At this point it is instrumental to recall paragraph V.3.3 in the Commission on Genetic Testing’s guideline for prenatal screening. It demands that the algorithm for the computation of such risks to be comprehensible, scientifically justified and published in a peer review process. In particular the guideline stresses that scientifically justified means:

Demanded is publication of the entire algorithm with detailed software specification, which precisely and comprehensible describes how the risks are calculated.

With such a strong statement by the guideline about the transparency and reproducibility of the algorithm the above hide-and-seek seems absurd.

Since we at the time of testing (wrongly?) believed that the FMF-Germany algorithm was the one used in the lab report and its papers appeared comprehensible enough for a re-implementation, we decided to scrutinize the FMF-Germany algorithm further in order to understand the computations. Aim was to understand how components influenced the calculation, perform a sensitivity analysis and better understand the uncertainty associated with the reported risk. The FMF Algorithm 2012 was expected to be similar in style.
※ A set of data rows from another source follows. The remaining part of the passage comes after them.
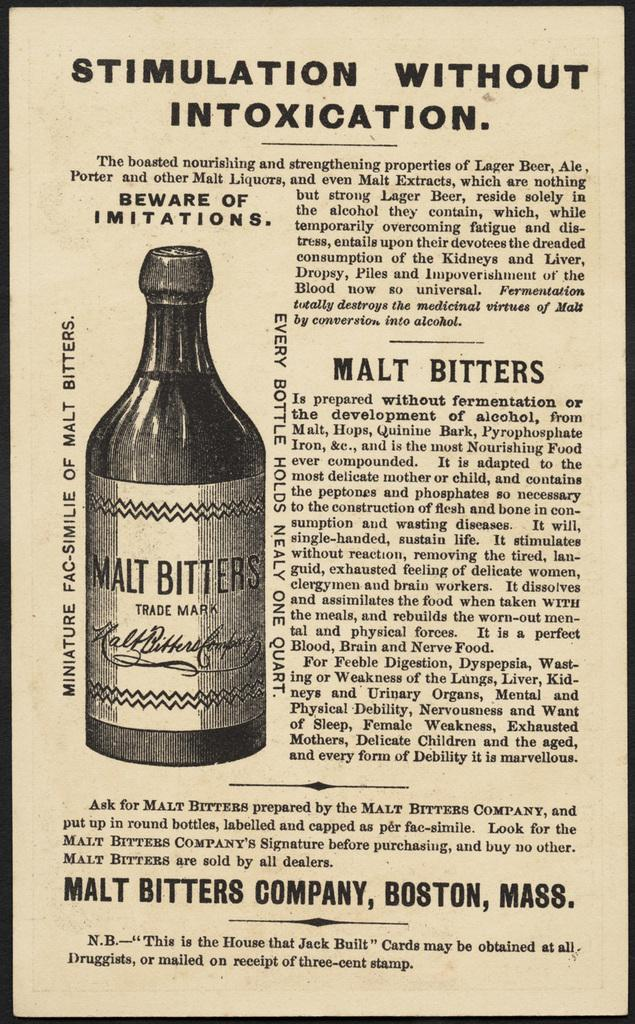<image>
Describe the image concisely. An advertisement for a bottle of Malt Bitters out of Boston, Mass.. 
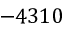<formula> <loc_0><loc_0><loc_500><loc_500>- 4 3 1 0</formula> 
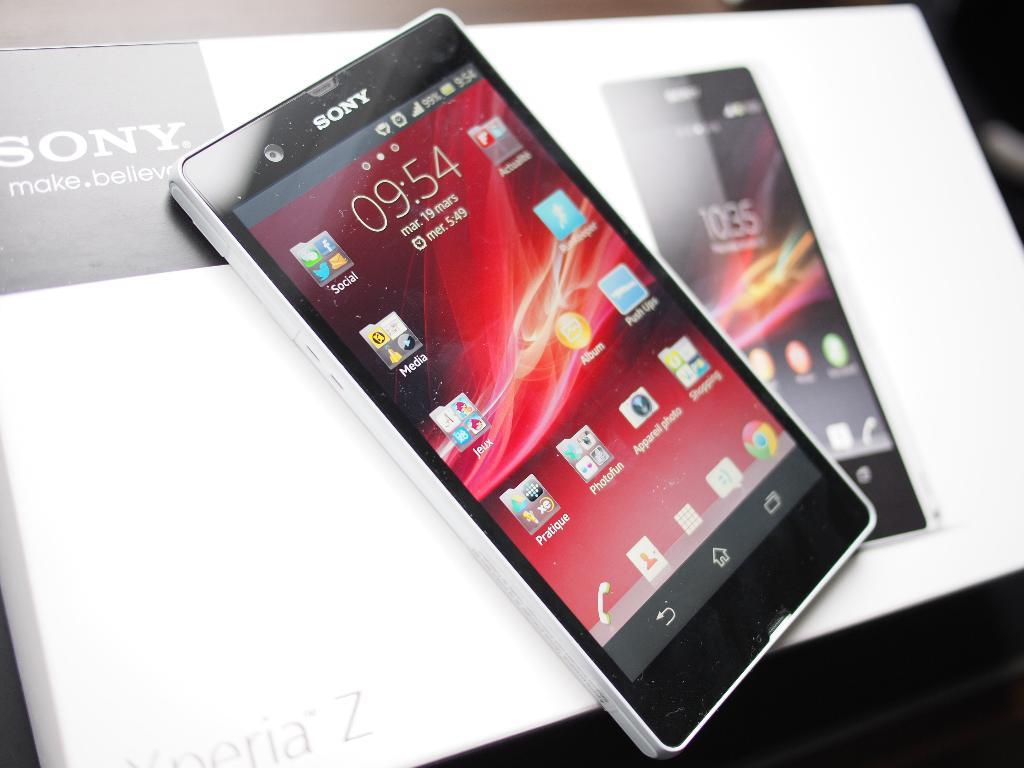<image>
Write a terse but informative summary of the picture. A smart phone which has the time displayed as 09.54 
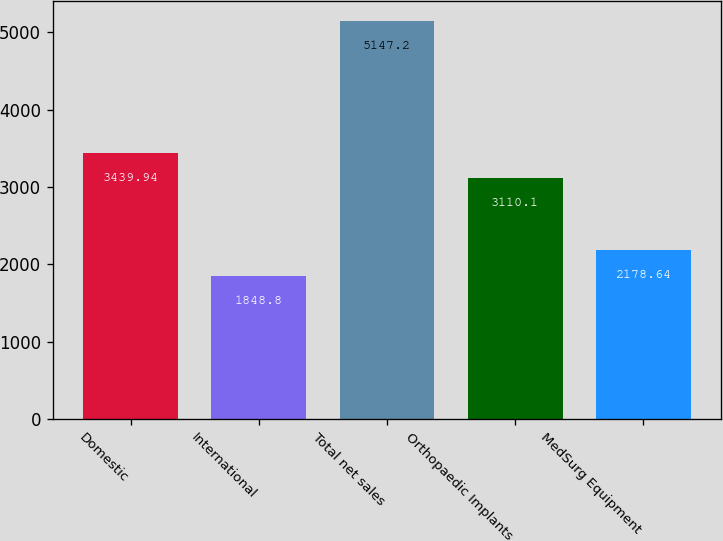Convert chart. <chart><loc_0><loc_0><loc_500><loc_500><bar_chart><fcel>Domestic<fcel>International<fcel>Total net sales<fcel>Orthopaedic Implants<fcel>MedSurg Equipment<nl><fcel>3439.94<fcel>1848.8<fcel>5147.2<fcel>3110.1<fcel>2178.64<nl></chart> 
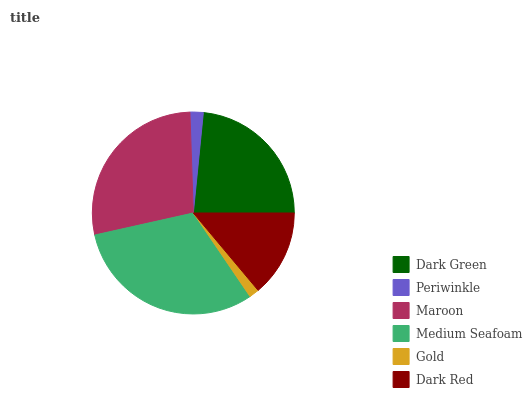Is Gold the minimum?
Answer yes or no. Yes. Is Medium Seafoam the maximum?
Answer yes or no. Yes. Is Periwinkle the minimum?
Answer yes or no. No. Is Periwinkle the maximum?
Answer yes or no. No. Is Dark Green greater than Periwinkle?
Answer yes or no. Yes. Is Periwinkle less than Dark Green?
Answer yes or no. Yes. Is Periwinkle greater than Dark Green?
Answer yes or no. No. Is Dark Green less than Periwinkle?
Answer yes or no. No. Is Dark Green the high median?
Answer yes or no. Yes. Is Dark Red the low median?
Answer yes or no. Yes. Is Maroon the high median?
Answer yes or no. No. Is Gold the low median?
Answer yes or no. No.

The FMF-Germany Procedure - PRC 3.0

The procedure described in Merz et al. (2016) entitled Prenatal Risk Calculation (PRC) uses a classic Bayesian diagnostic approach, where one computes a posterior odds for the fetus having T21 as

\[ \text{Posterior odds} = \text{Likelihood ratio} \cdot \text{Prior odds} \]

In the context of T21 first trimester screening, the prior odds is known to depend on maternal age and gestational age (at the time of screening) of the fetus. Tables for this can be found in, e.g., Table 4 of Snijders et al. (1999), which is shown below in the form of odds \(1:x\) for maternal age gaps of 5 years and selected gestational ages (measured in weeks). The gestational weeks relevant for the first trimester screening are the gestational weeks 10-13. Using a linear interpolation we obtain values for maternal and gestational age not covered in the table - see the trisomy21risk package code for details.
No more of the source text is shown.